The first one has the least amount of I/O, but the problem of finding the pivot points in the distributed data is nontrivial. However, usually the pivot points do not need to be exactly correct, as the balance between nodes does not need to be exact, and a few percent difference in the dataset sizes is perfectly acceptable. Thus, various histogram methods with perhaps a post-distribution balancing pass between neighboring nodes (in the sort order) can be quite effective, but complex to implement.
The second one has (log
k nodes) levels, but on each level, the messages are passed pairwise (or within the merge group, to the shared parent node). This means that most messages are independent, and don't need to be routed through a common choke point, so better use of the theoretical bandwidth available is achieved. The downside is that only a few nodes will do the merge pass, and most nodes will only do the local sort, then send the sorted data to their parent, and then just sit and wait to receive the completed dataset from the root; and the passing of data from root to each node may be a severe performance bottleneck.
(A binary tree merge will have half the nodes idle in the initial level, so in real life, you might wish to reuse nodes and transfer extra data, just so that as many nodes are doing useful work at each level, and the level count as small as possible.)

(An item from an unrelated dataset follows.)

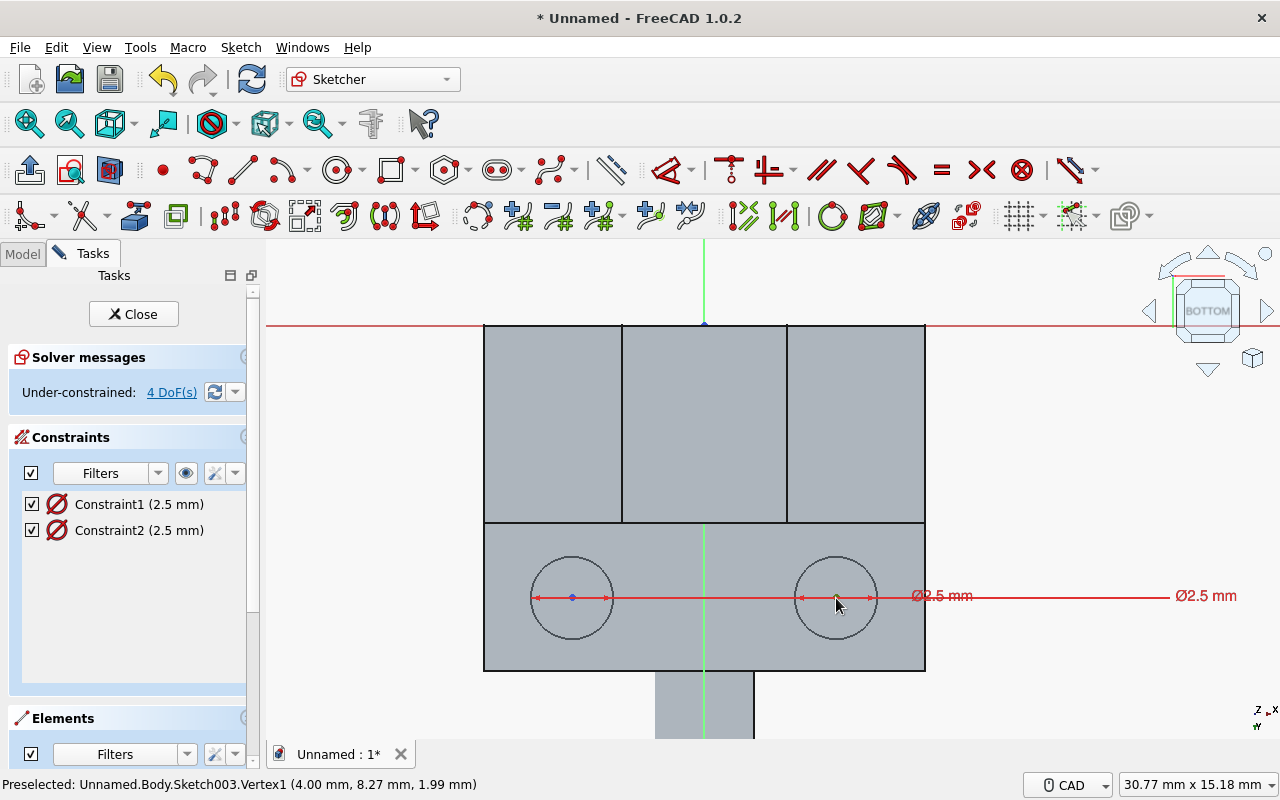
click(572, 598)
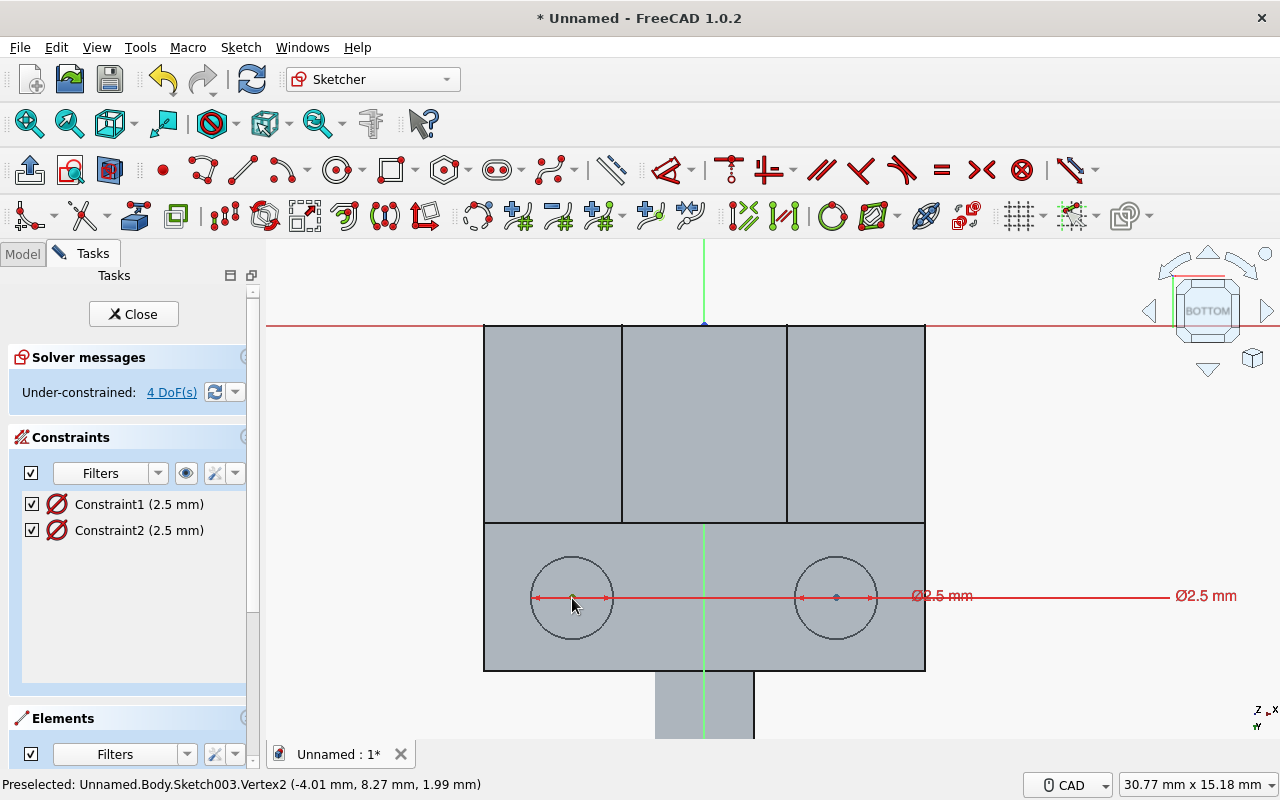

The third one is the obvious one if the sorted data is to be duplicated on all nodes, assuming the message passing interface does support "broadcast", or all-recipient messages. For MPI implementations, the details vary even at runtime, but it is a rather common operation, so something to consider when implementing ones own message passing stuff. The simplest "broadcast" implementation is to use a ring, with each node receiving only from the previous node, and sending only to the next node, and each node sending their locally sorted data first, then forwarding the (node count - 1) sorted subsets they receive to the next one, and while doing the I/O, doing a merge pass on their current datasets, ending up with the complete dataset at end. Next simplest is a tree/graph approach, similar to the second step, where each node distributes their own data to two or more designated nodes; this has the same number of transfers, but fewer steps/levels. Best is kernel or hardware routing support, of course.
A real-world MPI example should really be run on real distributed hardware, since using e.g. OpenMPI on a single x86-64 or ARM computer implements the message passing using shared memory; I'm not aware of OpenMPI support for artificially delayed I/O for testing, although that'd be real nice. (That is, an adjustable millisecond/sub-millisecond delay, wall-clock time, before the recipient is notified the transfer is complete, to simulate network latencies.)